Cacahuaquchtl, l'arbre des dieux Mayas.

Le cacaoyer est un petit arbre de 5 à 6 m (Theobroma cacao L.), originaire des forêts vierges du Yucatan et du Guatemala.

Héritage d'Amérique : cabosses de cacao

Les gros fruits, appelés cabosses, contiennent 20 à 40 graines ou fèves qui, après avoir été fermentées, séchées, torréfiées, broyées, donneront la pâte de cacao, puis le cacao.

En Côte d'Ivoire : cabosses (en haut) et séchage des fèves (en bas)
Photos : Jacques Bouchut

Héritage d'Amérique : séchage du cacao en Côte d Ivoire

Les Mayas et les Aztèques faisaient griller les fèves, les écrasaient et mélangeaient la poudre avec de l'eau bouillante assaisonnée de piment ou de musc et de miel, ou de farine de maïs.

Ils buvaient ensuite le tchacahoua (en maya) ou le tchocoatl (en aztèque), réputé aphrodisiaque. Les Espagnols européanisèrent cette boisson en remplaçant le piment par la vanille, le sucre et la crème. Elle s'appela alors "chocolate". Cortez la rapporta en Espagne en 1527. En 1585, on en parlait déjà dans toute l'Europe.
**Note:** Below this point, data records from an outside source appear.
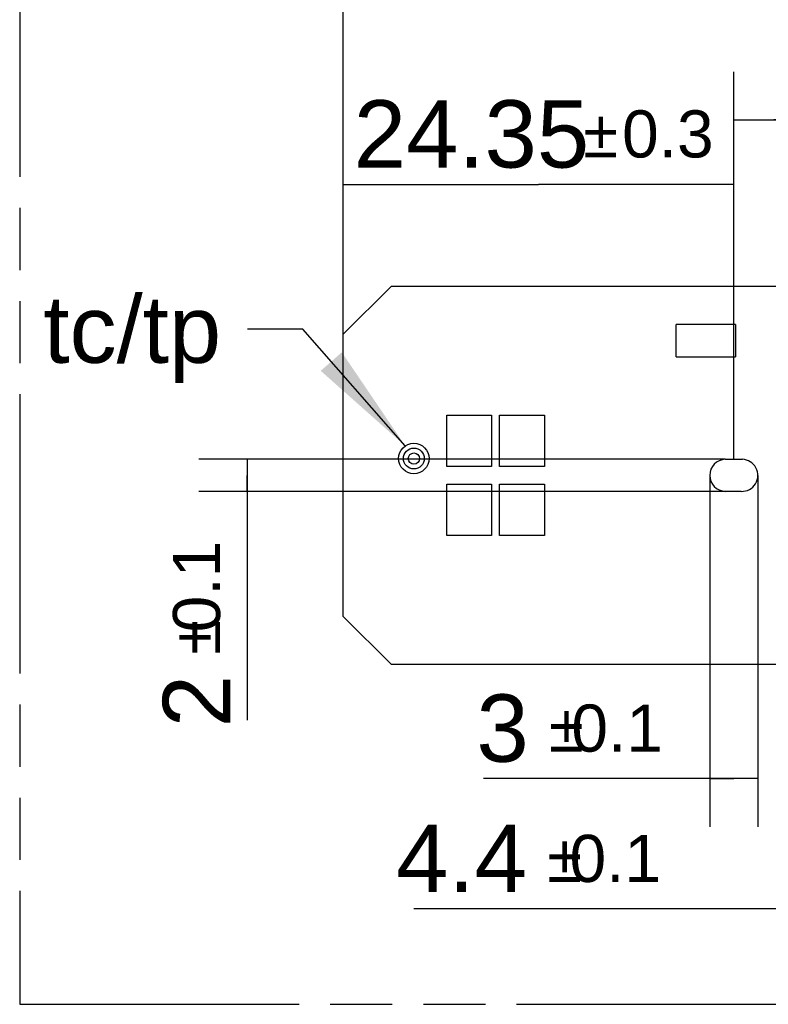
# Model space of a CAD drawing. Header units: millimetres. Extents: x 0 to 210, y 0 to 297.
# Tile 3 of 32: x 50 to 73, y 133 to 163. Entities that reach past the tile are written whole.
import ezdxf
from ezdxf.enums import TextEntityAlignment as Align

# ---------------------------------------------------------------- set-up
doc = ezdxf.new("R2010")
doc.units = ezdxf.units.MM
doc.header["$LTSCALE"] = 19.36
doc.linetypes.add('PHANTOM', pattern=[0.8, 0.45, -0.05, 0.1, -0.05, 0.1, -0.05])
doc.layers.get('0').update_dxf_attribs({"linetype": 'CONTINUOUS'})
for name, color, linetype in [('DEFAULT_3', 7, 'PHANTOM'), ('Z_DIM_2D', 7, 'CONTINUOUS'), ('Z_NOTICE', 7, 'CONTINUOUS')]:
    doc.layers.add(name, color=color, linetype=linetype)
doc.styles.get("Standard").update_dxf_attribs({"font": 'txt', "width": 0.7})
doc.styles.add('TEXTSTYLE_3', font='helveticaneueltw1g-ltcn.otf')
doc.styles.add('TEXTSTYLE_4', font='gdt', dxfattribs={"width": 0.7})
doc.dimstyles.new('DIMSTYLE_3', dxfattribs={"dimtxt": 2.1, "dimasz": 3.5, "dimexe": 1.5, "dimexo": 0, "dimgap": 0.525, "dimtad": 1, "dimdec": 3, "dimlfac": 2, "dimdsep": 46, "dimtxsty": 'TEXTSTYLE_3', "dimblk": '_FILLED', "dimblk1": '_FILLED', "dimblk2": '_FILLED', "dimcen": 0.09, "dimclrt": 5, "dimazin": 2, "dimtol": 1, "dimtp": 0.4, "dimtm": 0.4, "dimtfac": 1, "dimtdec": 3, "dimtofl": 0, "dimtmove": 0, "dimatfit": 3, "dimldrblk": '_FILLED', "dimfxl": 0, "dimtolj": 1, "dimarcsym": 0})
doc.dimstyles.new('DIMSTYLE_4', dxfattribs={"dimtxt": 2.1, "dimasz": 3.5, "dimexe": 1.5, "dimexo": 0, "dimgap": 0.525, "dimtad": 1, "dimdec": 3, "dimlfac": 2, "dimdsep": 46, "dimtxsty": 'TEXTSTYLE_3', "dimblk": '_FILLED', "dimblk1": '_FILLED', "dimblk2": '_FILLED', "dimcen": 0.09, "dimclrt": 5, "dimazin": 2, "dimtol": 1, "dimtp": 0.3, "dimtm": 0.3, "dimtfac": 1, "dimtdec": 3, "dimtofl": 0, "dimtmove": 0, "dimatfit": 3, "dimldrblk": '_FILLED', "dimfxl": 0, "dimtolj": 1, "dimarcsym": 0})
doc.dimstyles.new('DIMSTYLE_5', dxfattribs={"dimtxt": 2.1, "dimasz": 3.5, "dimexe": 1.5, "dimexo": 0, "dimgap": 0.525, "dimtad": 1, "dimdec": 3, "dimlfac": 2, "dimdsep": 46, "dimtxsty": 'TEXTSTYLE_3', "dimblk": '_FILLED', "dimblk1": '_FILLED', "dimblk2": '_FILLED', "dimcen": 0.09, "dimclrt": 5, "dimazin": 2, "dimtol": 1, "dimtp": 0.1, "dimtm": 0.1, "dimtfac": 1, "dimtdec": 3, "dimtofl": 0, "dimtmove": 0, "dimatfit": 3, "dimldrblk": '_FILLED', "dimfxl": 0, "dimtolj": 1, "dimarcsym": 0})
doc.dimstyles.new('DIMSTYLE_7', dxfattribs={"dimtxt": 2.1, "dimasz": 3.5, "dimexe": 1.5, "dimexo": 0, "dimgap": 0.525, "dimtad": 1, "dimlfac": 2, "dimdsep": 46, "dimtxsty": 'TEXTSTYLE_3', "dimblk": '_FILLED', "dimblk1": '_FILLED', "dimblk2": '_FILLED', "dimcen": 0.09, "dimclrt": 5, "dimazin": 2, "dimtol": 1, "dimtp": 0.1, "dimtm": 0.1, "dimtfac": 1, "dimtofl": 0, "dimtmove": 0, "dimatfit": 3, "dimldrblk": '_FILLED', "dimfxl": 0, "dimtolj": 1, "dimarcsym": 0})
doc.dimstyles.get("Standard").update_dxf_attribs({"dimtxt": 3.5, "dimasz": 3.5, "dimexe": 1.5, "dimexo": 0, "dimtad": 1, "dimdsep": 46, "dimtxsty": 'Standard', "dimblk": '_FILLED', "dimblk1": '_FILLED', "dimblk2": '_FILLED', "dimcen": 0.09, "dimclrt": 5, "dimazin": 2, "dimtol": 1, "dimtp": 0.05, "dimtm": 0.05, "dimtfac": 1, "dimtofl": 0, "dimtmove": 0, "dimatfit": 3, "dimldrblk": '_FILLED', "dimfxl": 0, "dimtolj": 1, "dimarcsym": 0})

# ---------------------------------------------------------------- blocks, each defined once
blk = doc.blocks.new('*D4')
at = {"layer": 'Z_DIM_2D', "color": 2, "linetype": 'Continuous', "transparency": 16777216}
for p, q in [((60.217, 153.574), (60.217, 165.333)), ((129.717, 153.574), (129.717, 165.333)), ((60.217, 163.833), (94.967, 163.833)), ((129.717, 163.833), (94.967, 163.833))]:
    blk.add_line(p, q, dxfattribs=at)
at = {"layer": 'Z_DIM_2D', "color": 5, "linetype": 'Continuous', "transparency": 16777216}
for s, height, style, p in [('139', 2.1, 'TEXTSTYLE_3', (92.876, 164.358)), ('`', 1.47, 'TEXTSTYLE_4', (95.849, 164.673)), ('0.4', 1.47, 'TEXTSTYLE_3', (97.94, 164.673))]:
    blk.add_text(s, height=height, dxfattribs=dict(at, style=style)).set_placement(p, align=Align.CENTER)
blk = doc.blocks.new('_FILLED')
at = {"color": 0, "linetype": 'ByBlock'}
blk.add_solid([(0, 0), (-1, 0.125), (-1, -0.125)], dxfattribs=at)
blk = doc.blocks.new('_NONE')
blk = doc.blocks.new('*D6')
at = {"layer": 'Z_DIM_2D', "color": 2, "linetype": 'Continuous', "transparency": 16777216}
for p, q in [((60.217, 153.574), (60.217, 159.746)), ((72.392, 149.674), (72.392, 159.746)), ((60.217, 158.246), (66.305, 158.246)), ((72.392, 158.246), (66.305, 158.246))]:
    blk.add_line(p, q, dxfattribs=at)
at = {"layer": 'Z_DIM_2D', "color": 5, "linetype": 'Continuous', "transparency": 16777216}
for s, height, style, p in [('24.35', 2.1, 'TEXTSTYLE_3', (64.213, 158.771)), ('`', 1.47, 'TEXTSTYLE_4', (68.244, 159.086)), ('0.3', 1.47, 'TEXTSTYLE_3', (70.336, 159.086))]:
    blk.add_text(s, height=height, dxfattribs=dict(at, style=style)).set_placement(p, align=Align.CENTER)
blk = doc.blocks.new('*D7')
at = {"layer": 'Z_DIM_2D', "color": 2, "linetype": 'Continuous', "transparency": 16777216}
for p, q in [((72.392, 149.674), (72.392, 161.758)), ((74.892, 150.024), (74.892, 161.758)), ((72.392, 160.258), (73.642, 160.258)), ((74.892, 160.258), (73.642, 160.258)), ((73.642, 160.258), (82.48, 160.258))]:
    blk.add_line(p, q, dxfattribs=at)
at = {"layer": 'Z_DIM_2D', "color": 5, "linetype": 'Continuous', "transparency": 16777216}
for s, height, style, p in [('5', 2.1, 'TEXTSTYLE_3', (76.886, 160.783)), ('`', 1.47, 'TEXTSTYLE_4', (78.297, 161.098)), ('0.1', 1.47, 'TEXTSTYLE_3', (80.012, 161.098))]:
    blk.add_text(s, height=height, dxfattribs=dict(at, style=style)).set_placement(p)
blk = doc.blocks.new('*D13')
at = {"layer": 'Z_DIM_2D', "color": 2, "linetype": 'Continuous', "transparency": 16777216}
for p, q in [((71.642, 149.174), (71.642, 138.218)), ((73.142, 149.174), (73.142, 138.218)), ((72.392, 139.718), (64.589, 139.718)), ((71.642, 139.718), (72.392, 139.718)), ((73.142, 139.718), (72.392, 139.718))]:
    blk.add_line(p, q, dxfattribs=at)
at = {"layer": 'Z_DIM_2D', "color": 5, "linetype": 'Continuous', "transparency": 16777216}
for s, height, style, p in [('3', 2.1, 'TEXTSTYLE_3', (65.999, 140.243)), ('`', 1.47, 'TEXTSTYLE_4', (67.714, 140.558)), ('0.1', 1.47, 'TEXTSTYLE_3', (70.182, 140.558))]:
    blk.add_text(s, height=height, dxfattribs=dict(at, style=style)).set_placement(p, align=Align.RIGHT)
blk = doc.blocks.new('*D14')
at = {"layer": 'Z_DIM_2D', "color": 2, "linetype": 'Continuous', "transparency": 16777216}
for p, q in [((73.792, 149.174), (73.792, 134.154)), ((75.992, 149.174), (75.992, 134.154)), ((74.892, 135.654), (62.416, 135.654)), ((73.792, 135.654), (74.892, 135.654)), ((75.992, 135.654), (74.892, 135.654))]:
    blk.add_line(p, q, dxfattribs=at)
at = {"layer": 'Z_DIM_2D', "color": 5, "linetype": 'Continuous', "transparency": 16777216}
for s, height, style, p in [('4.4', 2.1, 'TEXTSTYLE_3', (65.942, 136.179)), ('`', 1.47, 'TEXTSTYLE_4', (67.657, 136.494)), ('0.1', 1.47, 'TEXTSTYLE_3', (70.125, 136.494))]:
    blk.add_text(s, height=height, dxfattribs=dict(at, style=style)).set_placement(p, align=Align.RIGHT)
blk = doc.blocks.new('*D15')
at = {"layer": 'Z_DIM_2D', "color": 2, "linetype": 'Continuous', "transparency": 16777216}
for p, q in [((72.126, 149.674), (55.716, 149.674)), ((57.216, 149.674), (57.216, 149.174)), ((57.216, 148.674), (57.216, 149.174)), ((57.216, 149.174), (57.216, 141.538)), ((72.126, 148.674), (55.716, 148.674))]:
    blk.add_line(p, q, dxfattribs=at)
at = {"layer": 'Z_DIM_2D', "color": 5, "linetype": 'Continuous', "transparency": 16777216}
for s, height, style, p in [('0.1', 1.47, 'TEXTSTYLE_3', (56.376, 147.132)), ('`', 1.47, 'TEXTSTYLE_4', (56.376, 144.664)), ('2', 2.1, 'TEXTSTYLE_3', (56.691, 142.949))]:
    blk.add_text(s, height=height, rotation=90, dxfattribs=dict(at, style=style)).set_placement(p, align=Align.RIGHT)

msp = doc.modelspace()

# ---------------------------------------------------------------- linework, layer by layer
at = {"color": 7, "linetype": 'Continuous'}
for p, q in [((61.717147, 155.073721), (60.217147, 153.573721)), ((61.717147, 155.073721), (128.217147, 155.073721)), ((70.592147, 152.873721), (70.592147, 153.873721)), ((72.442147, 153.873721), (70.592147, 153.873721)), ((72.442147, 153.873721), (72.442147, 152.873721)), ((60.217147, 144.773721), (60.217147, 153.573721)), ((70.592147, 152.873721), (72.442147, 152.873721)), ((63.442147, 149.448721), (63.442147, 151.048721)), ((63.442147, 151.048721), (64.842147, 151.048721)), ((64.842147, 151.048721), (64.842147, 149.448721)), ((65.092147, 149.448721), (65.092147, 151.048721)), ((65.092147, 151.048721), (66.492147, 151.048721)), ((66.492147, 151.048721), (66.492147, 149.448721)), ((72.126332, 149.673721), (72.657962, 149.673721)), ((64.842147, 149.448721), (63.442147, 149.448721)), ((66.492147, 149.448721), (65.092147, 149.448721)), ((63.442147, 147.298721), (63.442147, 148.898721)), ((63.442147, 148.898721), (64.842147, 148.898721)), ((64.842147, 148.898721), (64.842147, 147.298721)), ((65.092147, 147.298721), (65.092147, 148.898721)), ((65.092147, 148.898721), (66.492147, 148.898721)), ((66.492147, 148.898721), (66.492147, 147.298721)), ((72.626332, 148.673721), (72.126332, 148.673721)), ((64.842147, 147.298721), (63.442147, 147.298721)), ((66.492147, 147.298721), (65.092147, 147.298721)), ((60.217147, 144.773721), (61.717147, 143.273721)), ((128.217147, 143.273721), (61.717147, 143.273721))]:
    msp.add_line(p, q, dxfattribs=at)
for radius in [0.475, 0.325, 0.175]:
    msp.add_circle((62.417147, 149.698721), radius, dxfattribs=at)
for centre, start, end in [((72.142147, 149.173721), 91.8116677, 268.1883322), ((72.642147, 149.173721), 268.1883382, 88.1883387)]:
    msp.add_arc(centre, 0.50025, start, end, dxfattribs=at)
at = {"layer": 'DEFAULT_3', "color": 91, "linetype": 'PHANTOM', "true_color": 0x80ff80}
for p, q in [((50.128636, 182.68), (50.128636, 132.68)), ((50.128636, 132.68), (150.128636, 132.68))]:
    msp.add_line(p, q, dxfattribs=at)

# ---------------------------------------------------------------- texts
at = {"layer": 'Z_NOTICE', "color": 5, "linetype": 'Continuous', "style": 'TEXTSTYLE_3'}
msp.add_text('tc/tp ', height=2.1, dxfattribs=at).set_placement((57.225501, 152.682587), align=Align.RIGHT)

# ---------------------------------------------------------------- dimensions: what is measured, and where the dimension line sits
at = {"layer": 'Z_DIM_2D', "color": 2, "linetype": 'Continuous'}
for base, p1, p2, dimstyle, picture, middle in [((129.717147, 163.833178), (60.217147, 153.573721), (129.717147, 153.573721), 'DIMSTYLE_3', '*D4', (94.967147, 163.833178)), ((72.392147, 158.246342), (60.217147, 153.573721), (72.392147, 149.673721), 'DIMSTYLE_4', '*D6', (66.304647, 158.246342)), ((75.992172, 135.653712), (73.792122, 149.173721), (75.992172, 149.173721), 'DIMSTYLE_5', '*D14', (66.270556, 135.653712)), ((73.142397, 139.718466), (71.641897, 149.173721), (73.142397, 149.173721), 'DIMSTYLE_7', '*D13', (67.385375, 139.718466))]:
    dim = msp.add_linear_dim(base=base, p1=p1, p2=p2, dimstyle=dimstyle, override={"dimblk1": 'NONE', "dimblk2": 'NONE', "dimsah": 1}, dxfattribs=at)
    dim.commit()
    dim.dimension.update_dxf_attribs({"geometry": picture, "text_midpoint": middle, "dimtype": 160})
for base, p1, p2, angle, picture, middle in [((72.392147, 160.257642), (74.892147, 150.023721), (72.392147, 149.673721), 180, '*D7', (79.683045, 160.257642)), ((57.216131, 148.673721), (72.126332, 149.673721), (72.126332, 148.673721), 270, '*D15', (57.216131, 144.335267))]:
    dim = msp.add_linear_dim(base=base, p1=p1, p2=p2, angle=angle, dimstyle='DIMSTYLE_5', override={"dimblk1": 'NONE', "dimblk2": 'NONE', "dimsah": 1}, dxfattribs=at)
    dim.commit()
    dim.dimension.update_dxf_attribs({"geometry": picture, "text_midpoint": middle, "dimtype": 160})

# ---------------------------------------------------------------- leaders
at = {"layer": 'Z_NOTICE', "color": 2, "linetype": 'Continuous'}
msp.add_leader([(62.1499, 150.091407), (58.955792, 153.732587), (57.225501, 153.732587)], dimstyle='Standard', override={"dimtad": 0}, dxfattribs=at)

doc.saveas('drawing.dxf')

En 1671, la marquise de Sévigné écrivait à sa fille Mme de Grignan : Si vous ne vous portez point bien, vous n'avez pas dormi, le chocolat vous remettra.

Miracle du chocolat : Les épices, utilisées en Europe dès l'Antiquité, abondamment consommées au Moyen Age, sont toujours considérées comme exotiques, ne faisant pas partie de la tradition culinaire européenne. Le chocolat, consommé seulement depuis le 17e siècle, est presque devenu un produit du terroir, tellement l'art du chocolatier s'est imposé comme intemporel.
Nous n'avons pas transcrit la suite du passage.